Crash course: Renal

Question 1

What is AKI? What is it measured by?

Answer 1

acute decline in renal function, leading to fall in urine output

Measured by rise in creatinine + urea

Question 2

What is CKD? How is it measured?

Answer 2

Decline in renal function due to progressive damage present for >3 months

Measured via decline in eGFR

Question 3

What are the stages of CKD based on eGFR?

Answer 3

1: >90
2: 60-89
3a: 45-59
3b: 30-44
4: 15-29
5: <15 = end stage, dialysis

Question 4

What are the caveats of stage 1 and 2 CKD grades?

Answer 4

If stage 1/2 based on eGFR but NO Sx, NOT CKD

Question 5

What are the 2 most common causes of CKD?

Answer 5

Diabetes
HTN

Question 6

Give 2 less common causes of CKD

Answer 6

Autosomal dominant polycystic kidney disease

Untreated AKI (Pyelonephritis, ATN, obstruction)

Question 7

What are the 3 broad causes of AKI?

Answer 7

PRE-renal: decrease in flow to the kidneys.

RENAL: direct damage to nephrons

POST-renal: ‘Surgical causes”- physical outflow obstruction

Question 8

From most to least common, what are the broad causes of AKI

Answer 8

Pre-renal
Post-renal
Renal

Question 9

Give 5 causes of pre-renal AKI

Answer 9

Hypovolaemia
Sepsis
CCF
Renal artery stenosis
ACE inhibitors

Question 10

Give 6 causes of renal AKI

Answer 10

Ischaemia
Nephrotoxins
Glomerulonephritis
Interstitial nephritis
Hepatorenal syndrome
HUS / TTP

Question 11

Give 4 causes of post-renal AKI

Answer 11

Stone
Tumour
Prostate
Blocked catheter

Question 12

Which 3 structures can be damaged to result in renal causes of AKI?

Answer 12

Glomerulus: Nephrotic + Nephritic syndrome

Blood vessels: HUS + TTP

Tubules: ATN + acute interstitial nephritis

Question 13

Give 4 causes of nephrotic syndrome

Answer 13

Minimal change
Membranous
FSGS
Secondary causes

Question 14

What triad characterises Nephrotic syndrome?

Answer 14

Peripheral oedema

Proteinuria (3g/day or PCR >300mg)

Low serum albumin

Question 15

Give 2 other features of nephrotic syndrome

Answer 15

Increased cholesterol

Increased clotting tendency- Antithrombin III is lost

Question 16

What is the pathophysiology in all causes of nephrotic syndrome?

Answer 16

Breakdown of PODOCYTES (filtration barrier)

Large molecules e.g.
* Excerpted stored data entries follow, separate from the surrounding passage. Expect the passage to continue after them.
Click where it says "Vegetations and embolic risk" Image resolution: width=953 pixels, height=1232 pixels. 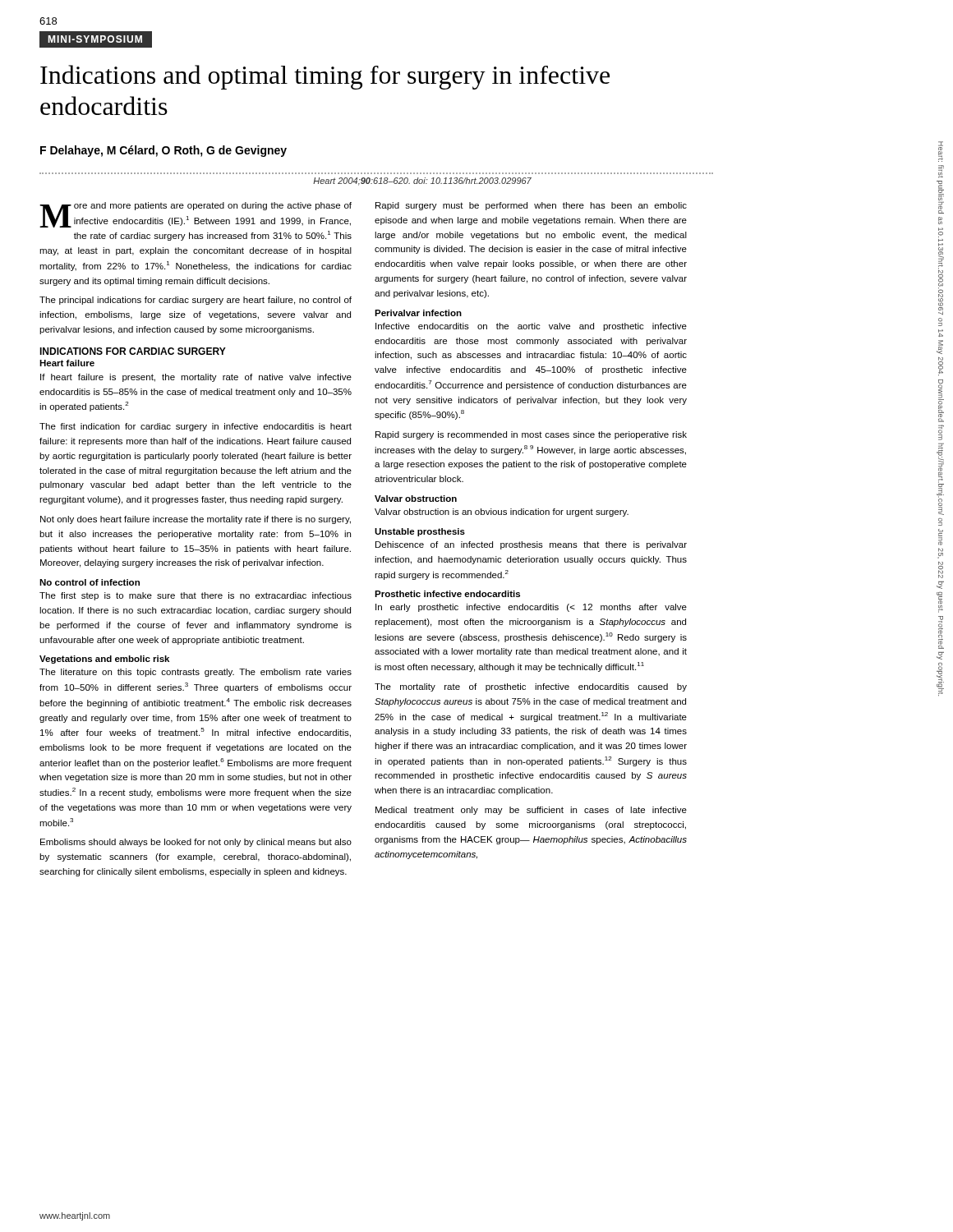tap(105, 659)
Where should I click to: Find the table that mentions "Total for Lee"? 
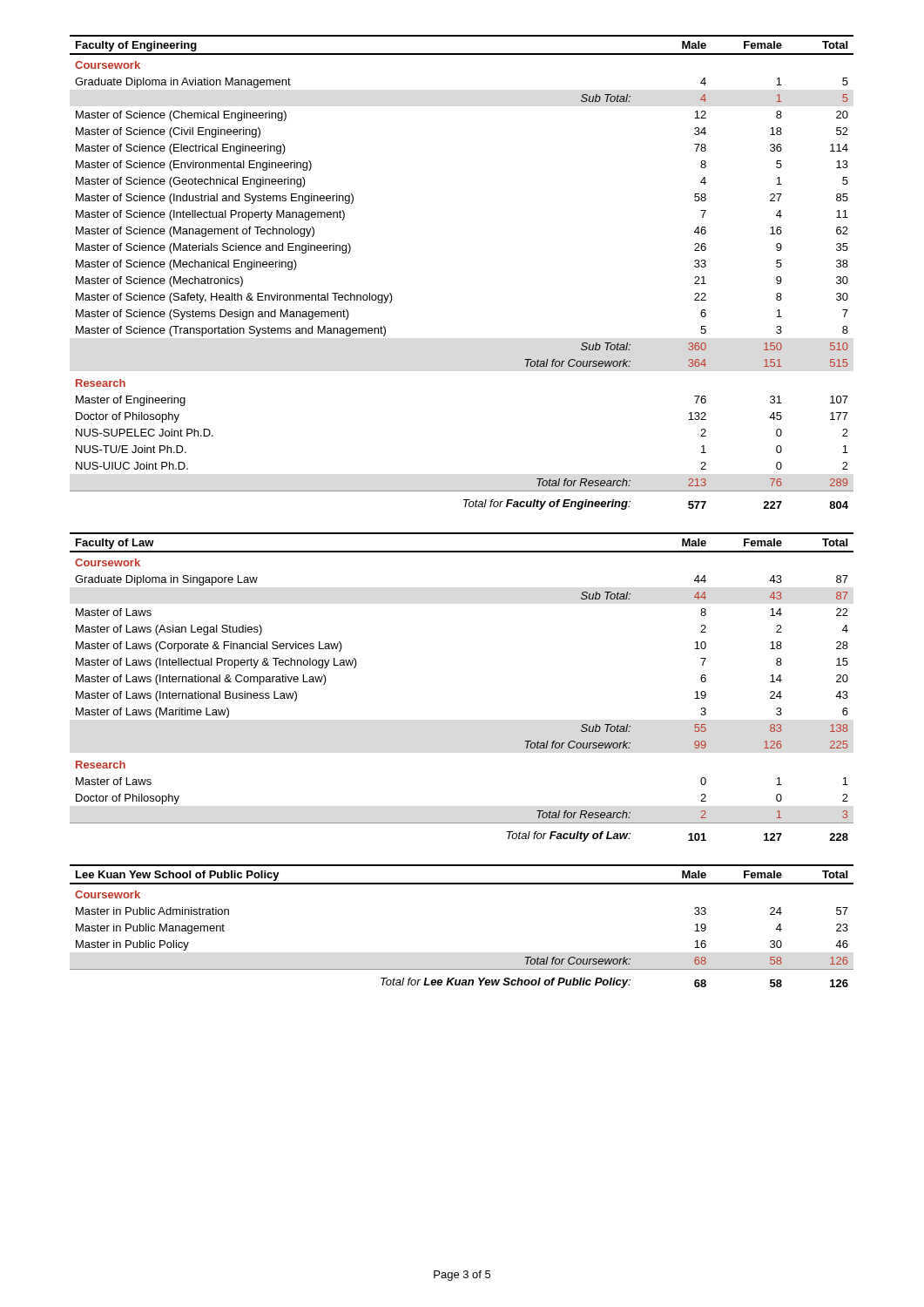(462, 929)
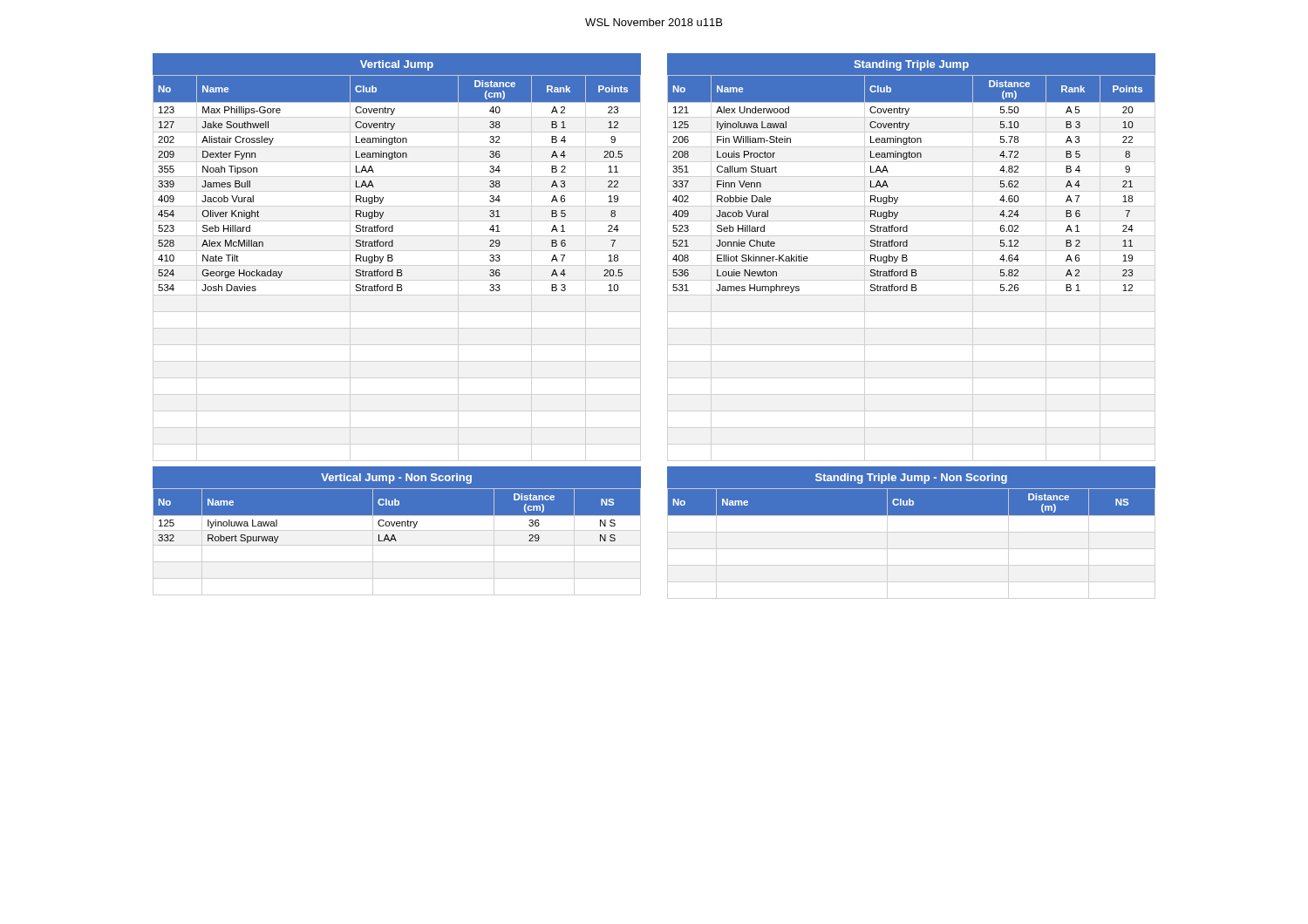Select the section header with the text "Standing Triple Jump - Non Scoring"
The width and height of the screenshot is (1308, 924).
pos(911,477)
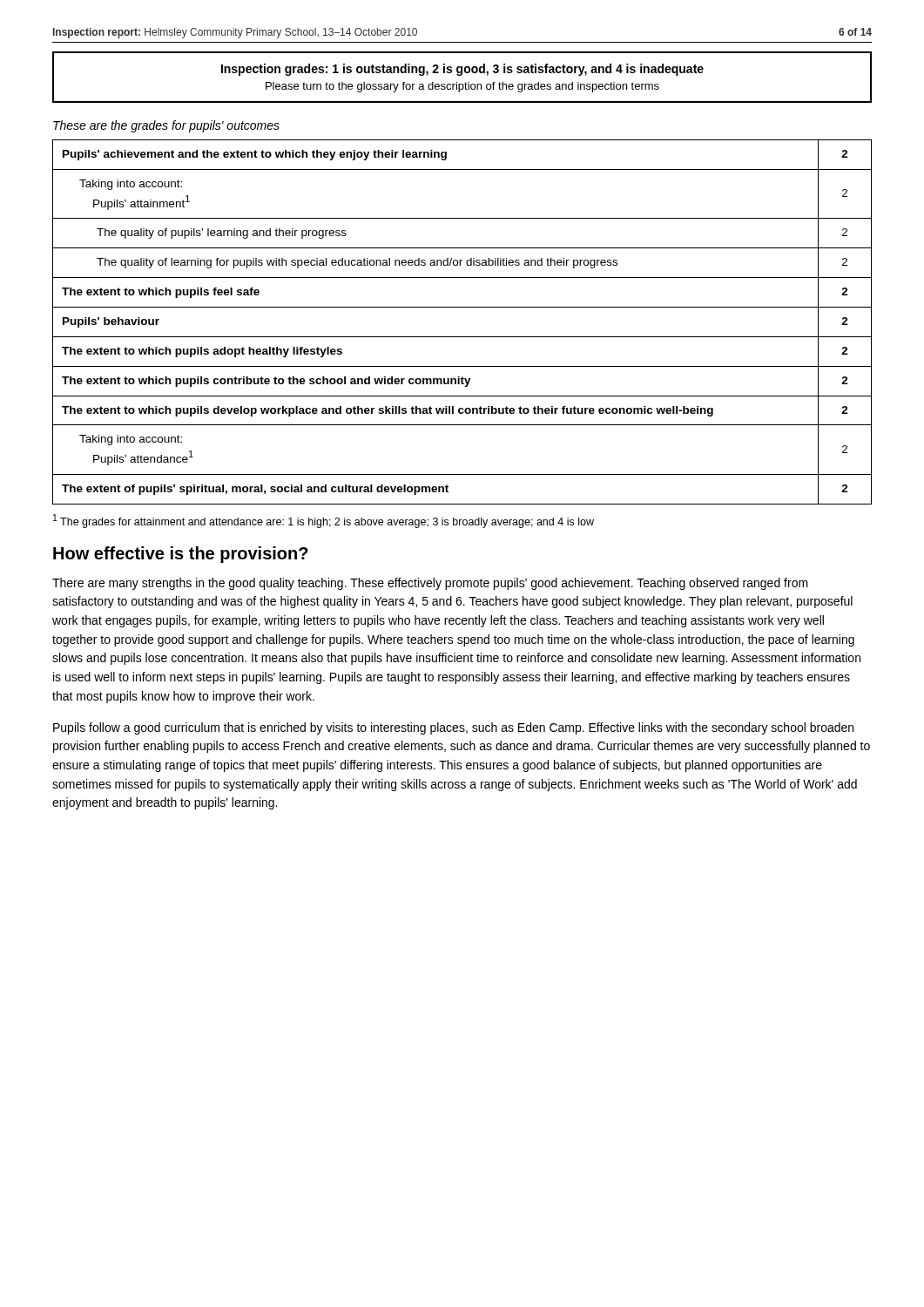Locate the text block starting "How effective is"
Image resolution: width=924 pixels, height=1307 pixels.
[181, 553]
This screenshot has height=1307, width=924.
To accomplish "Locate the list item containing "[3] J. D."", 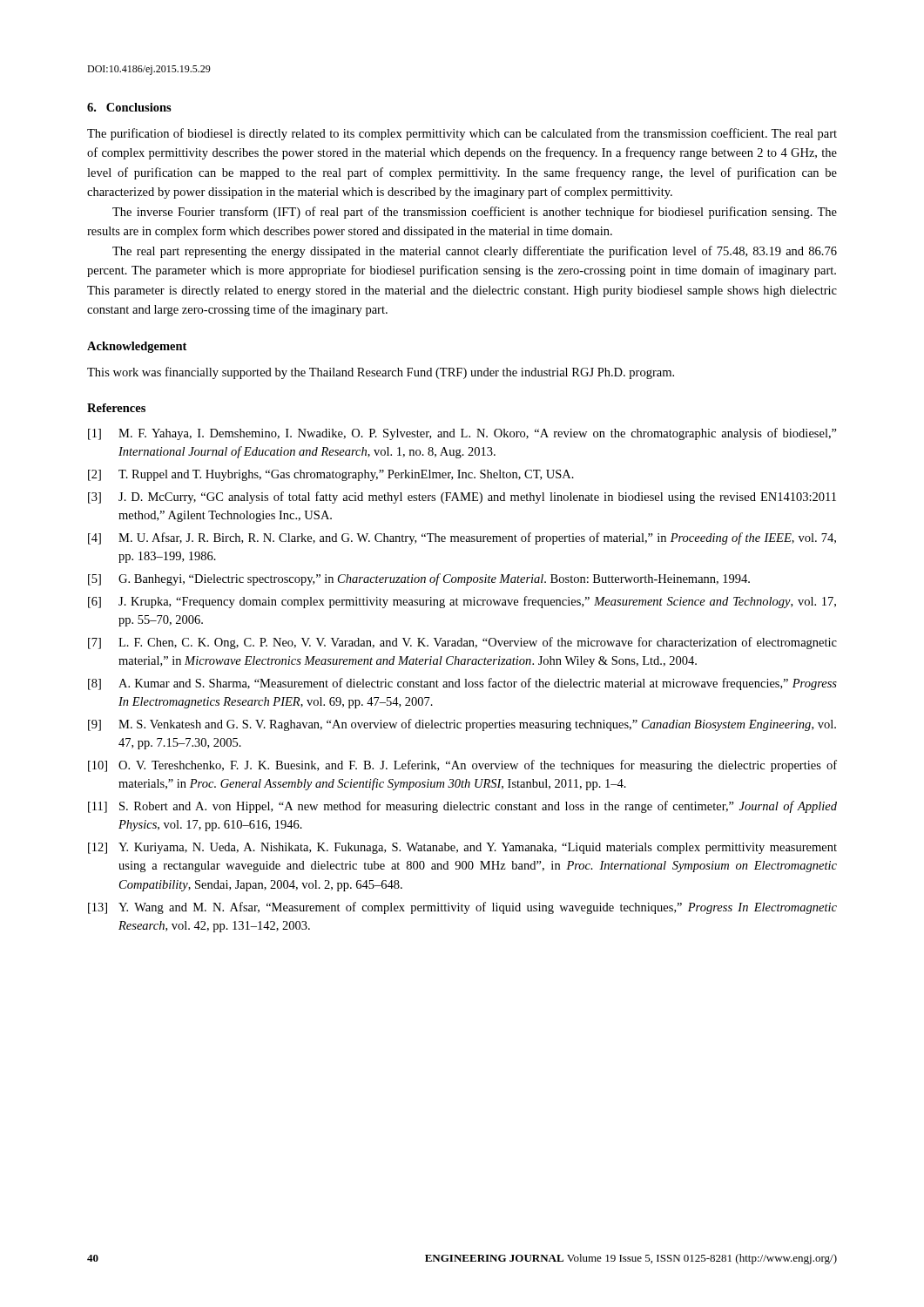I will tap(462, 506).

Protein not filtered out - lost in urine

Question 17

What is the broad management of nephrotic syndrome?

Answer 17

Steroids

Question 18

What is the most common cause of nephrotic syndrome in kids?

Answer 18

Minimal change disease

Question 19

What is seen on histology in minimal change disease?

Answer 19

Light microscopy: Nothing

Electron microscopy: Loss of podocyte foot processes

Immunofluorescence: Nothing

Question 20

What is the prognosis for minimal change disease?

Answer 20

Majority respond to Prednisolone ~(90%)

Question 21

In which population is membranous glomerulonephropathy seen?

Answer 21

Adults

Question 22

What do immunofluorescence microscopes detect?

Answer 22

Immune complexes

Question 23

What is seen on histology in membranous glomerulonephropathy?

Answer 23

Light microscopy: Diffuse basement membrane thickening

Electron microscopy: Spikey immune complex deposits

Immunofluorescence: Immune complexes across all of basement membrane

Question 24

How does membranous glomerulonephropathy respond to steroids?

Answer 24

Poor response

Question 25

Give 2 associations to Membranous glomerulonephropathy

Answer 25

SLE
Anti-phospholipase A2 antibodies

Question 26

What is focal segmental glomerulonephritis? (FSGS)

Answer 26

Focal = Only some glomeruli are damaged (vs diffuse)

Segmental = Only some regions of each individual glomerulus damaged

Question 27

Which population is affected by focal segmental glomerulonephritis?

Answer 27

Adults

Question 28

What is seen on histology in Focal segmental glomerulonephritis?

Answer 28

Light microscopy: Focal + segmental scarring

Electron microscopy: Loss of foot processes

Immunofluorescence: Nothing

Question 29

How does focal segmental glomerulonephritis respond to steroids?

Answer 29

Not great (better than membranous glomerulonephropathy)

Question 30

Give 2 secondary causes of nephrotic syndrome. What is seen on histology?

Answer 30

Diabetes: Kimmelstiel Wilson nodules

Amyloidosis: apple green birefringence on Congo red stain

Question 31

What are the 2 types of amyloidosis? What causes each?

Answer 31

AA: chronic inflammation (e.g RA, SLE)

AL: Light chains (MM): plasma cells produce Abs, Abs clog up kidneys + cause damage

Question 32

Give 5 causes of nephritic syndrome

Answer 32

IgA
Post streptococcal
Rapidly progressive (crescentic)
Alport’s syndrome (hereditary)
Benign familial

Question 33

What triad characterises nephritic syndrome?

Answer 33

HTN
Haematuria
Peripheral oedema

Question 34

What is seen in the urine in nephritic syndrome?

Answer 34

Red cell casts- “Cola-coloured”

Question 35

What is seen on bloods in nephritic syndrome?

Answer 35

Deranged U+Es

Question 36

What is the pathophysiology of nephritic syndrome?

Answer 36

Big proteins + complexes damage delicate blood vessels + cause inflammation

Question 37

Give 3 features of IgA nephropathy?

Answer 37

Commonest cause of nephritic syndrome worldwide

After group A Streptococcal infection (1-2 days remember: IgA = Acute)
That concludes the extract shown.